The Irish general election is not about Brexit, even though Fine Gael seemed to think so, at the outset. Rather, it is about housing and health and crime and pensions.
The problem remains, however, that these critical issues can’t be tackled without a strong economy, and Brexit still poses a real threat to our economy beyond 2020.
While the British may well have decided that they have got Brexit done, the machinations are really only starting.
The Brexit withdrawal agreement preserves the dual mode form of trading existence — part UK, part EU — for the North, as proposed by British prime minister, Boris Johnson, in October.
It also creates breathing space for negotiation of the so-called future arrangements between the UK and the EU.
Mr Johnson has already established a well-publicised deadline for these negotiations: December 31. This seems like a particularly shrewd move and for reasons beyond the conventional wisdom that a deadline always focuses minds.
Under the clauses of the European treaties that deal with the departure of the country from the EU club, most future arrangements before December 31 can be agreed by the EU by qualified majority (generally, most EU member countries representing most of the EU population).
Anything agreed after December 31, 2020, will have to be done by unanimity among the 27 remaining EU member countries, as it falls outside the period of the current withdrawal agreement.

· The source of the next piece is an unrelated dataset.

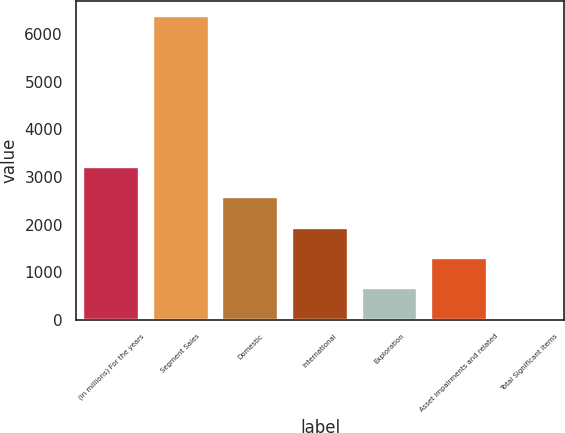<chart> <loc_0><loc_0><loc_500><loc_500><bar_chart><fcel>(in millions) For the years<fcel>Segment Sales<fcel>Domestic<fcel>International<fcel>Exploration<fcel>Asset impairments and related<fcel>Total Significant Items<nl><fcel>3206.5<fcel>6377<fcel>2572.4<fcel>1938.3<fcel>670.1<fcel>1304.2<fcel>36<nl></chart>

Unanimity within the EU is a very tall order. Remember that the EU/Canada deal almost fell at the final hurdle, some years ago, when the Belgians ran into difficulties getting the deal across the line in their own country.
This is something the EU Council will be particularly attuned to, given that its new president, Charles Michel, was prime minister of Belgium at the time.
The UK can, legitimately, seek to put the more controversial stuff — issues to do with standards, market access, and equivalences — earliest on the negotiating table to avail of an easier pass through the EU approval process.
For the first time since the June 2016 poll, the British can take some control over the direction of the negotiations.
They are already signalling that close alignment with the EU is not a foregone conclusion.
But don’t overlook the governing principle for the EU in the negotiations: no other country shall leave.
Writing for Project Syndicate just before Christmas, EU chief negotiator, Michel Barnier, stated that his goals for 2020 were to maintain the capacity for the EU to co-operate closely with the UK at the global level, to forge a strong security partnership, and to negotiate a new economic agreement.
You can add a fourth goal: keeping all the other countries in the EU. If Britain does better by leaving, that goal is undermined.
Irish business, in particular, must not become lulled by the notion that Brexit is getting done, and that — for us — Brexit is not an election issue.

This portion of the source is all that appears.